TurboQuant (arXiv: 2504.19874) is a KV-cache quantization technique that compresses the key-value cache used during autoregressive generation. Combined with 4-bit weight quantization in MLX, this provides a dual compression strategy: smaller model weights for reduced disk and memory footprint, plus compressed KV cache for efficient long-context generation.

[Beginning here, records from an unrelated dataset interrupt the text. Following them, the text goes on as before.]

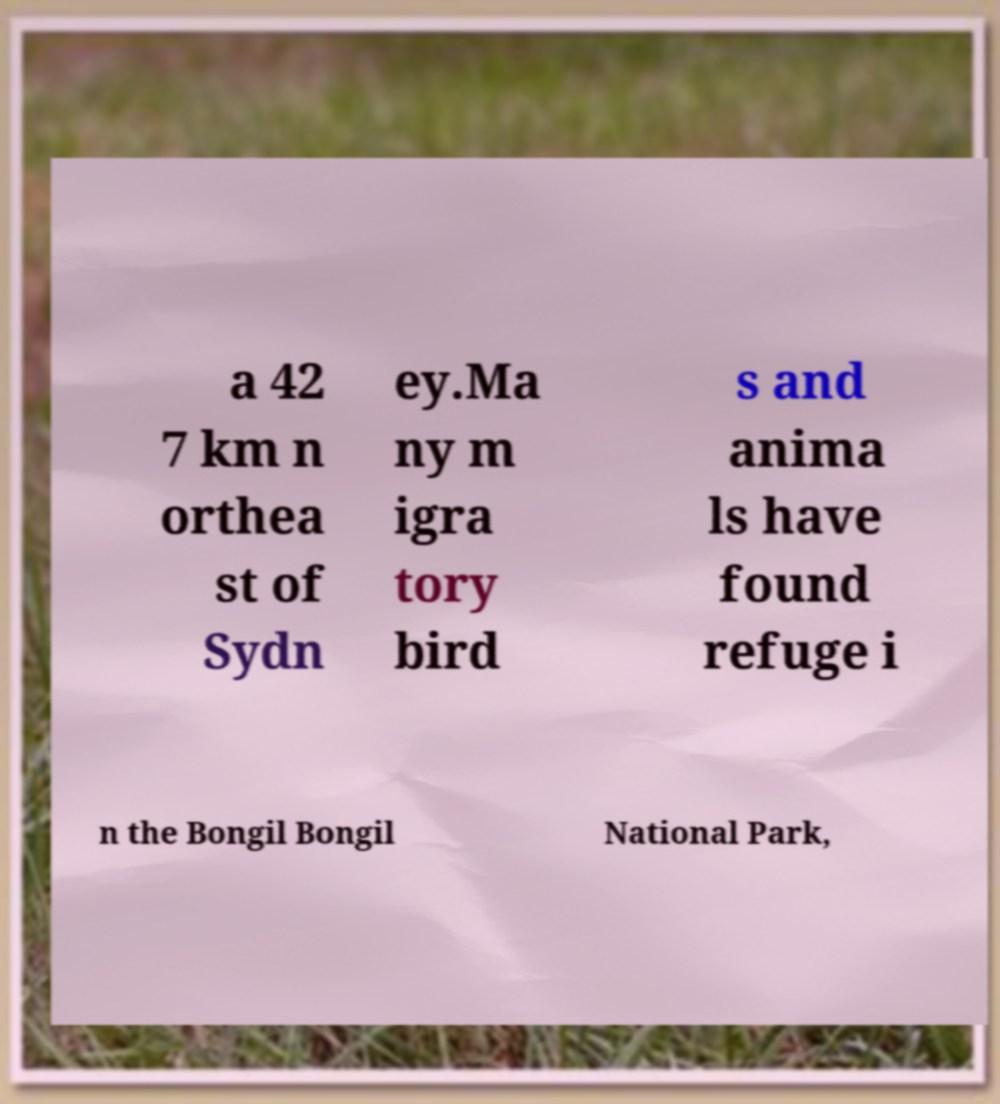I need the written content from this picture converted into text. Can you do that? a 42 7 km n orthea st of Sydn ey.Ma ny m igra tory bird s and anima ls have found refuge i n the Bongil Bongil National Park, 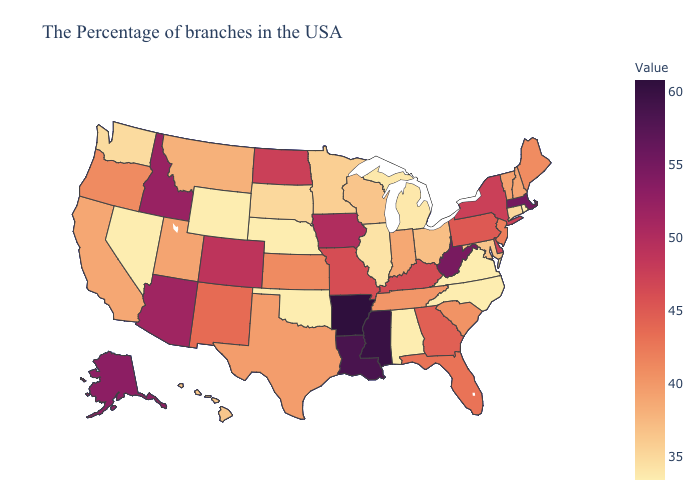Does the map have missing data?
Short answer required. No. Does Oklahoma have the lowest value in the South?
Short answer required. Yes. Which states have the lowest value in the West?
Short answer required. Wyoming, Nevada. Which states have the highest value in the USA?
Quick response, please. Arkansas. Among the states that border North Carolina , does South Carolina have the lowest value?
Be succinct. No. Does the map have missing data?
Write a very short answer. No. Does the map have missing data?
Answer briefly. No. Among the states that border Connecticut , does Rhode Island have the highest value?
Quick response, please. No. 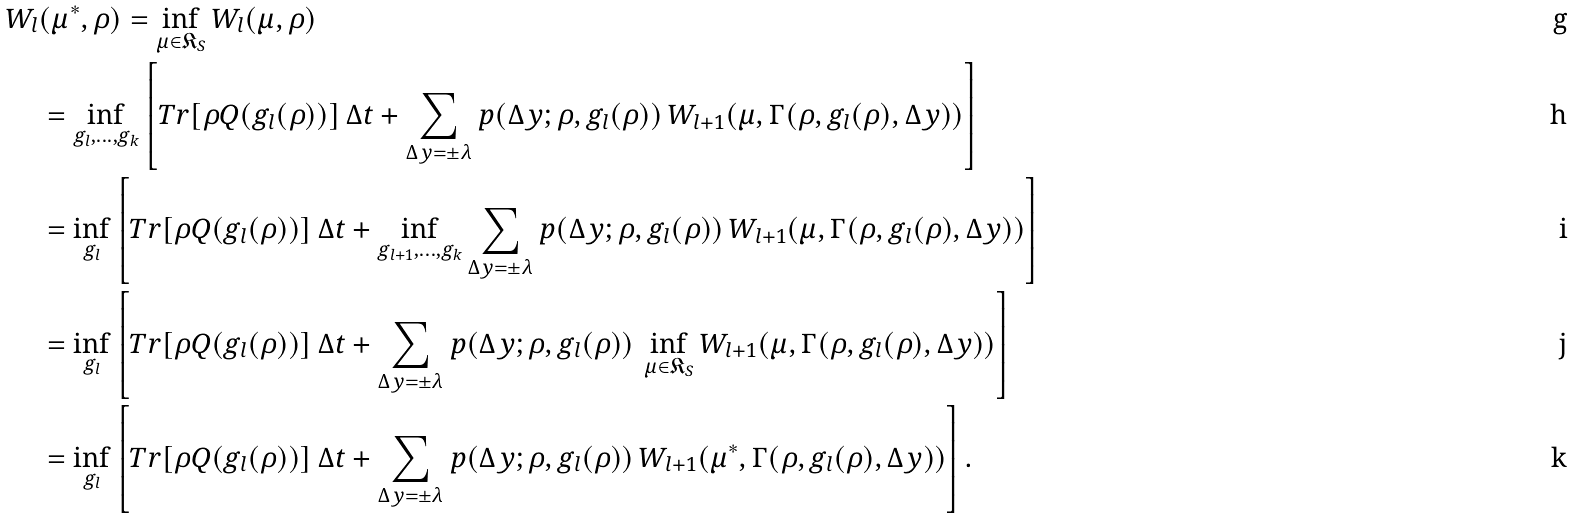Convert formula to latex. <formula><loc_0><loc_0><loc_500><loc_500>W _ { l } & ( \mu ^ { * } , \rho ) = \inf _ { \mu \in \mathfrak { K } _ { S } } W _ { l } ( \mu , \rho ) \\ & = \inf _ { g _ { l } , \dots , g _ { k } } \left [ T r [ \rho Q ( g _ { l } ( \rho ) ) ] \, \Delta t + \sum _ { \Delta y = \pm \lambda } p ( \Delta y ; \rho , g _ { l } ( \rho ) ) \, W _ { l + 1 } ( \mu , \Gamma ( \rho , g _ { l } ( \rho ) , \Delta y ) ) \right ] \\ & = \inf _ { g _ { l } } \left [ T r [ \rho Q ( g _ { l } ( \rho ) ) ] \, \Delta t + \inf _ { g _ { l + 1 } , \dots , g _ { k } } \sum _ { \Delta y = \pm \lambda } p ( \Delta y ; \rho , g _ { l } ( \rho ) ) \, W _ { l + 1 } ( \mu , \Gamma ( \rho , g _ { l } ( \rho ) , \Delta y ) ) \right ] \\ & = \inf _ { g _ { l } } \left [ T r [ \rho Q ( g _ { l } ( \rho ) ) ] \, \Delta t + \sum _ { \Delta y = \pm \lambda } p ( \Delta y ; \rho , g _ { l } ( \rho ) ) \, \inf _ { \mu \in \mathfrak { K } _ { S } } W _ { l + 1 } ( \mu , \Gamma ( \rho , g _ { l } ( \rho ) , \Delta y ) ) \right ] \\ & = \inf _ { g _ { l } } \left [ T r [ \rho Q ( g _ { l } ( \rho ) ) ] \, \Delta t + \sum _ { \Delta y = \pm \lambda } p ( \Delta y ; \rho , g _ { l } ( \rho ) ) \, W _ { l + 1 } ( \mu ^ { * } , \Gamma ( \rho , g _ { l } ( \rho ) , \Delta y ) ) \right ] .</formula>

KV-Cache Quantization Comparison
| Method | Prefill Speed | Decode Speed | Memory Savings | Reference |
|---|---|---|---|---|
| TurboQuant | 1x (baseline) | 1x (baseline) | High | arXiv: 2504.19874 |
| RotorQuant | 5.3x faster | 28% faster | High | GitHub |
Memory Estimates (Gemma 4 26B-A4B)
| Precision | Approximate Size | MLX Variant |
|---|---|---|
| FP16 (original) | ~52 GB | -- |
| 8-bit quantized | ~26 GB | TurboQuant-MLX-8bit |
| 4-bit quantized | ~14 GB | This model |
| 2-bit quantized | ~7 GB | TurboQuant-MLX-2bit |
Hardware Requirements
This model requires approximately 14 GB of unified memory. Recommended hardware:
- Apple M2 Pro (24 GB+)
- Apple M3 Pro (24 GB+)
- Apple M4 Pro (24 GB+)
- Any Apple Silicon Mac with 24 GB+ unified memory
See Also
- google/gemma-4-26B-A4B -- Base model
- majentik/gemma-4-26B-A4B-TurboQuant -- TurboQuant KV-cache only (transformers)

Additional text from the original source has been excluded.